▸ **WHAT TO PRODUCE**
Print the whole listing again exactly, keeping no pictures in it.

==============================

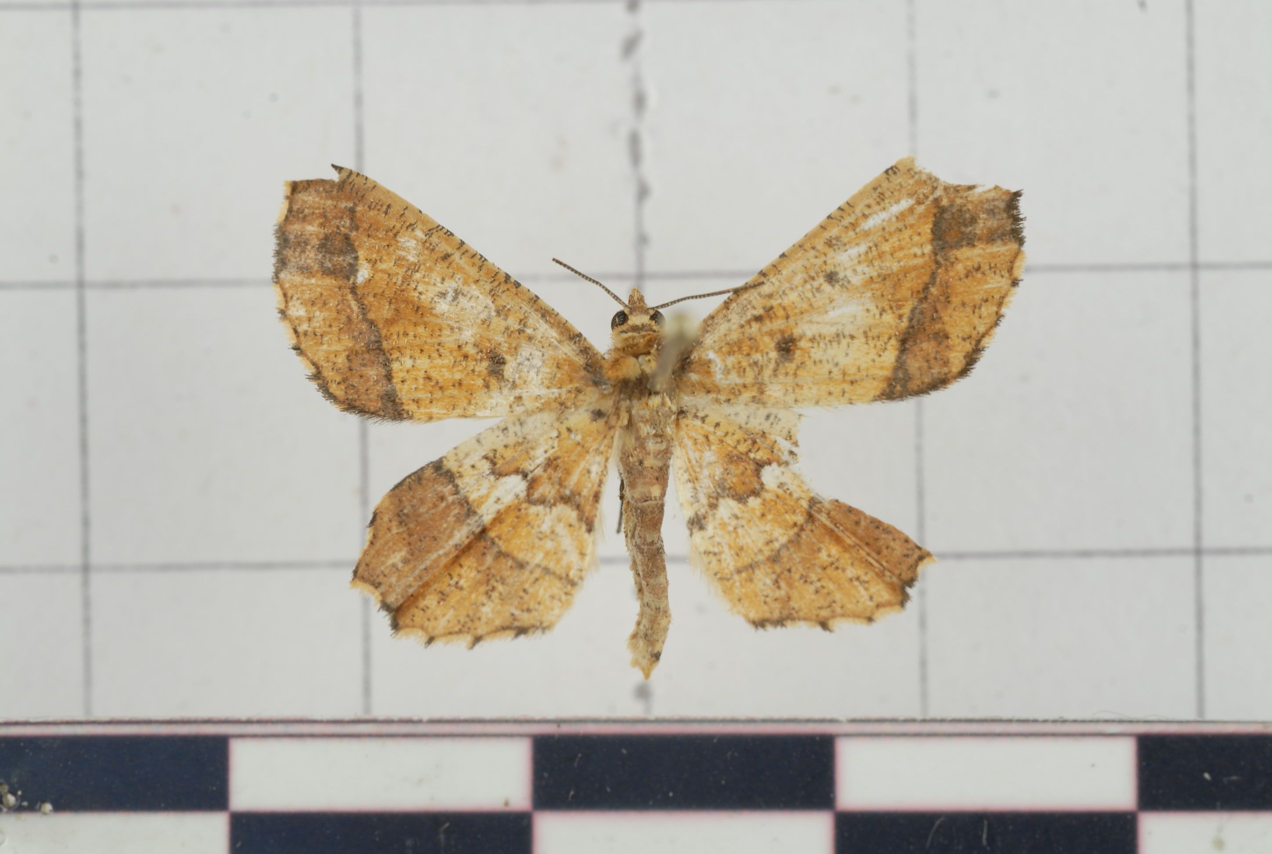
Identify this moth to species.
Entomopteryx combusta combusta
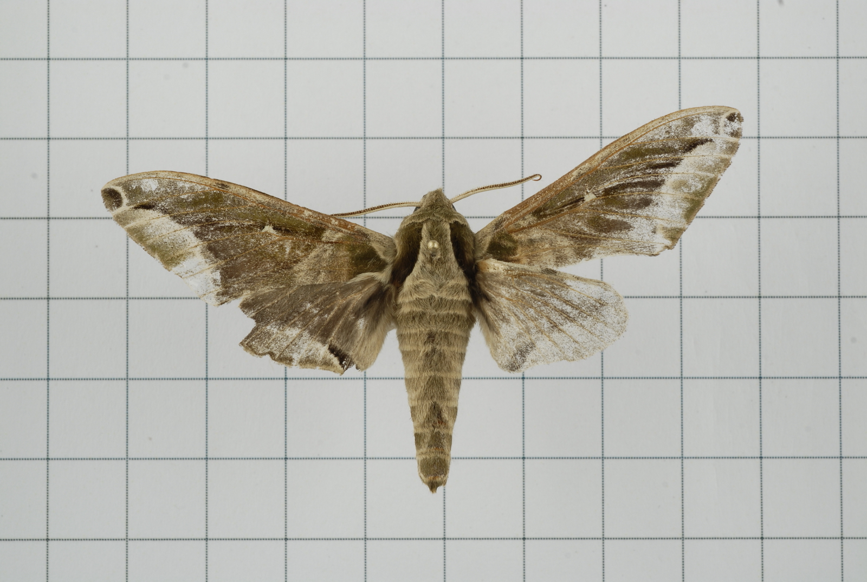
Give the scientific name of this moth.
Parum colligata
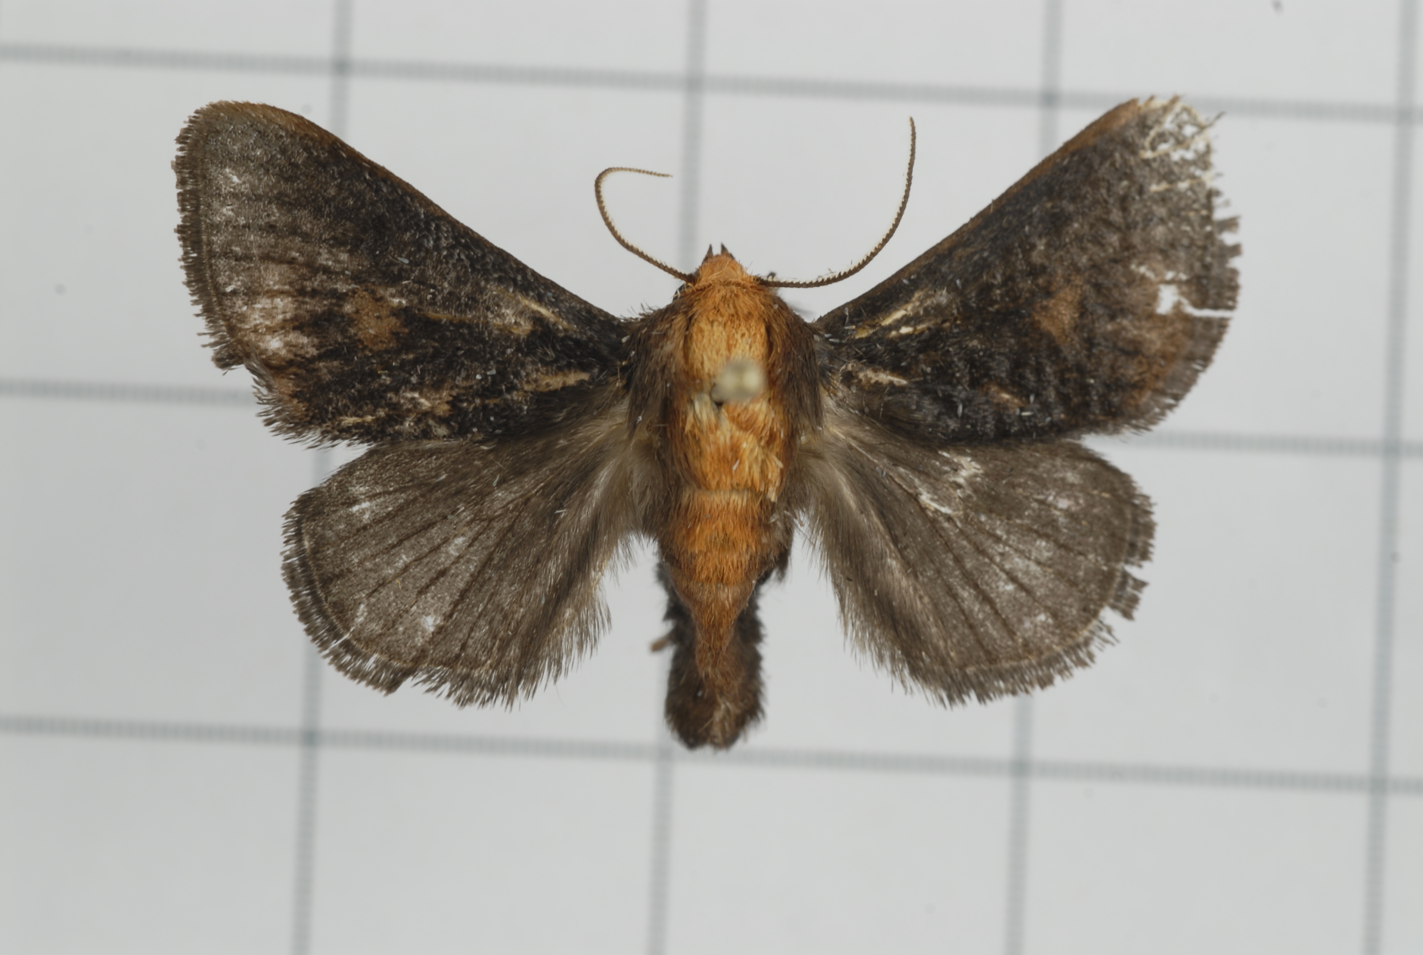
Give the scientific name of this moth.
Iraga rugosa

==============================

▸ **COMPLETED EXERCISE**
Identify this moth to species.
Entomopteryx combusta combusta
Give the scientific name of this moth.
Parum colligata
Give the scientific name of this moth.
Iraga rugosa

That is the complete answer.